LG Display posts deficit for sixth quarter, with hopes pinned on OLED
LG Display continued to lose money in the second quarter, beset by falling demand for televisions and smartphones in the wake of the coronavirus pandemic and stagnant prices of liquid crystal display (LCD) panels.
The panel maker also announced the mass production of large-sized organic light-emitting diode (OLED) screens at its Guangzhou plant in China on Thursday, a long-awaited development that LG Display and analysts say could help the company turn a profit by better serving the growing list of OLED TV makers.
LG Display reported a net loss of 504 billion won ($421 million) during the April-June period, posting a deficit for the sixth consecutive quarter.

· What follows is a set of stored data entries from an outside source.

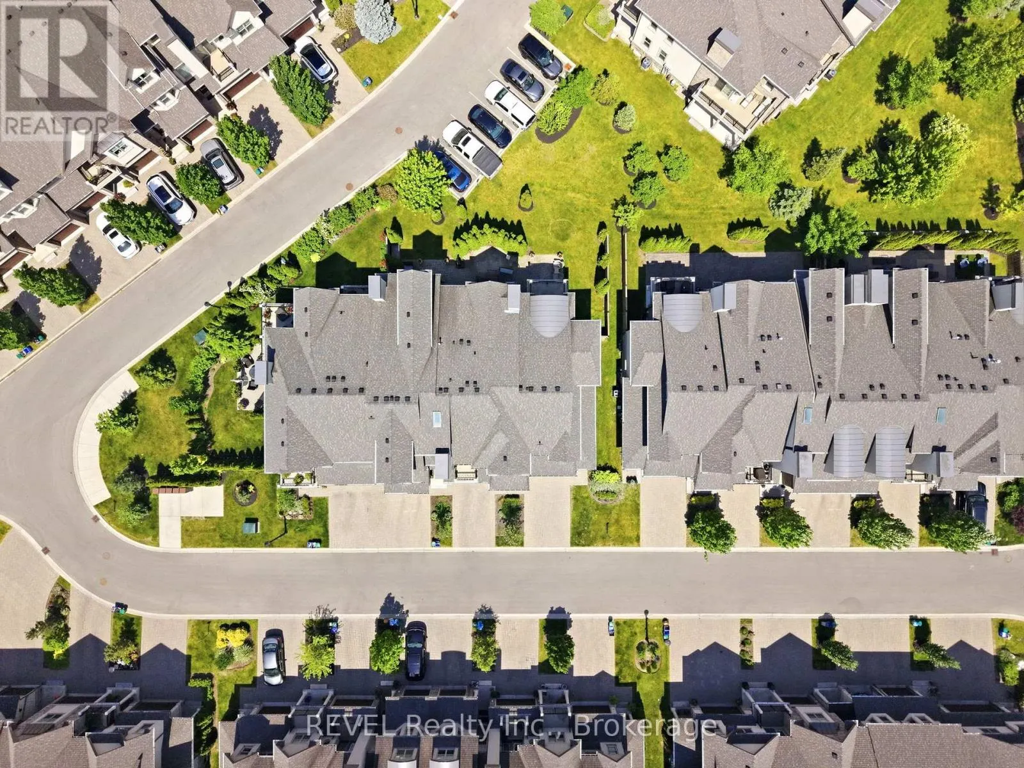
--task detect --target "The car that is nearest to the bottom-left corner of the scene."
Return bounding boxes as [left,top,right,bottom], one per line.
[260,633,286,683]
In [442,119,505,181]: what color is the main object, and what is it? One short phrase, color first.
white truck
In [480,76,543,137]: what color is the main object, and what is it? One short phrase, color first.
white truck
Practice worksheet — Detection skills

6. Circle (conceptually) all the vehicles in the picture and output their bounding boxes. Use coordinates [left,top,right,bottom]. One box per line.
[464,101,515,151]
[515,31,566,82]
[294,35,340,88]
[97,216,143,263]
[199,138,246,191]
[442,119,505,181]
[146,173,195,227]
[260,633,286,683]
[427,147,477,196]
[480,76,543,137]
[498,56,547,106]
[404,625,429,679]
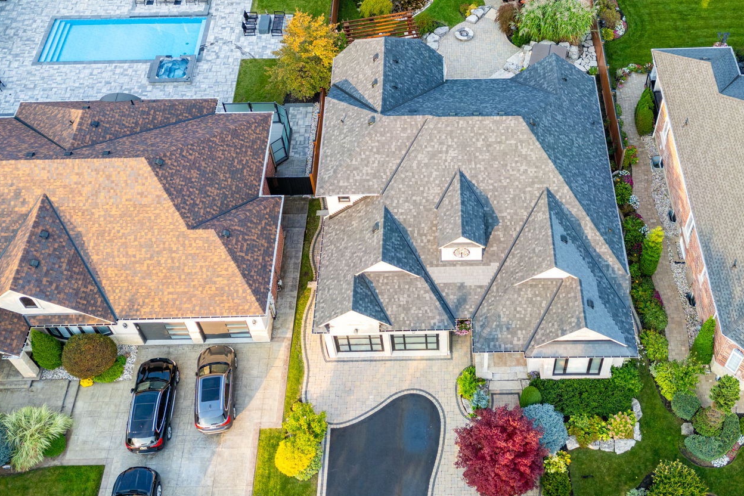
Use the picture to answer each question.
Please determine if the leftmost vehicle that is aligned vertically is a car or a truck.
car
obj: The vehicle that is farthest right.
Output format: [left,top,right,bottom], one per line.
[188,347,237,441]
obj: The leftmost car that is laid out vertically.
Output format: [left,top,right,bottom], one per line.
[119,360,179,461]
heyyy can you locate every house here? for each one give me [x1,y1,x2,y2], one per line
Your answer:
[650,45,744,383]
[0,97,286,386]
[310,36,641,378]
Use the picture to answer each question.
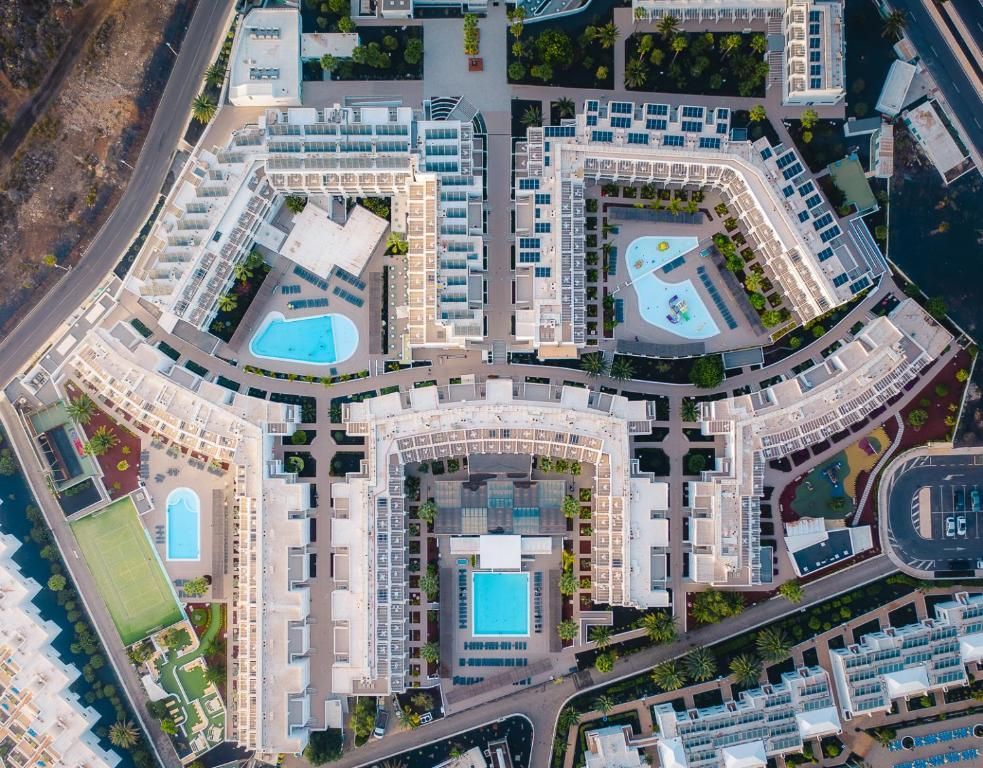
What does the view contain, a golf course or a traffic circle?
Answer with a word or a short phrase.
golf course
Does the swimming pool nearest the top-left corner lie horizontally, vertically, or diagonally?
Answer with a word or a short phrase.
horizontally
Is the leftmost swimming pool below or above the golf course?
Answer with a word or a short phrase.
above
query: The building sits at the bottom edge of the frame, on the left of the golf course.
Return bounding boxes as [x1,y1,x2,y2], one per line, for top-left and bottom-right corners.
[0,551,122,768]
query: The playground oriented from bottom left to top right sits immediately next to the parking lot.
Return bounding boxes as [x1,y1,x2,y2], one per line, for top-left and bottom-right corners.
[794,430,888,517]
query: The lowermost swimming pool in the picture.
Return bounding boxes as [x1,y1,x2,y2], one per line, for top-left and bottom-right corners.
[472,572,530,636]
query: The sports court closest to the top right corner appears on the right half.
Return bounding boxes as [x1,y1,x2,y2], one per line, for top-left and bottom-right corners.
[827,152,881,207]
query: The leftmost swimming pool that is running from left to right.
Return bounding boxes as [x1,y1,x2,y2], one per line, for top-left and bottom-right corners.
[250,313,358,365]
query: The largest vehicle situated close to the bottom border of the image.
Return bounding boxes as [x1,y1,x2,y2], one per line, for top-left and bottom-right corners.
[374,711,387,739]
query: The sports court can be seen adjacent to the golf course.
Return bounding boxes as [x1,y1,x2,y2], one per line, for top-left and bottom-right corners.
[62,496,185,652]
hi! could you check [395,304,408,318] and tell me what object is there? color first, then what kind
white umbrella
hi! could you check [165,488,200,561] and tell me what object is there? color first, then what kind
blue swimming pool
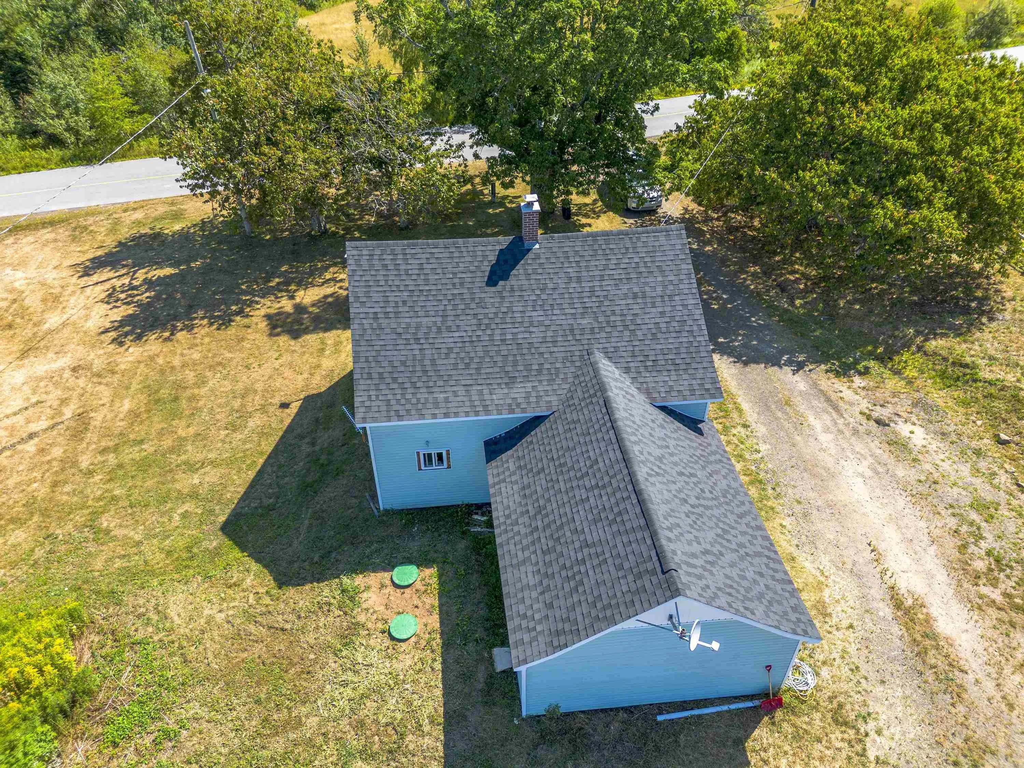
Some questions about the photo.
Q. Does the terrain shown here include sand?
No
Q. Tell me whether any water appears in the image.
No
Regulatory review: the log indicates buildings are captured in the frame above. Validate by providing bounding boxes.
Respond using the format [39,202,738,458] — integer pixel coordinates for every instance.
[346,195,822,722]
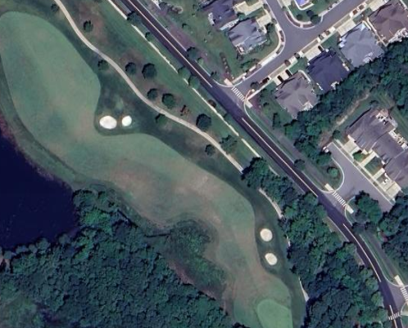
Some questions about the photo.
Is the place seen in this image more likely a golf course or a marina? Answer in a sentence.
This image shows a golf course.
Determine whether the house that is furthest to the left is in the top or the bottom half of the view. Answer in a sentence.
The house that is furthest to the left sits in the top half of the picture.
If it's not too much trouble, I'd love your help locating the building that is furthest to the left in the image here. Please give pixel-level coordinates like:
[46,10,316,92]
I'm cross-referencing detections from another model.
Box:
[203,0,236,28]

The latest outcome represents a slight improvement from last year, as the loss reduced 8.4 percent.
The operating loss, however, nearly doubled to 517 billion won during the cited period, from 369 billion won a year earlier.
Sales edged down 1 percent on year to 5.3 trillion won.
The display company cited the tepid demand for TVs and smartphones affected by low consumer sentiment as the main factor dragging down profitability, alongside the declining price of LCDs.
Still, the strong demand for IT products, triggered by more online activity and people working from home, prevented a further downturn in earnings.
The company pinned its hopes on the new operation at the Guangzhou facility, which is capable of producing 60,000 large-sized OLED panels per month.
“LG Display is currently producing 70,000 sheets per month at its OLED panel production plant in Paju, Gyeonggi, and this production capability will almost double to 130,000 sheets monthly when combined with Guangzhou’s capacity to make 60,000 sheets per month,” the company said.
The company noted that the new plant will manufacture high-resolution OLED products that will be primarily used for TVs, including 48-inch, 55-inch, 65-inch and 77-inch panels.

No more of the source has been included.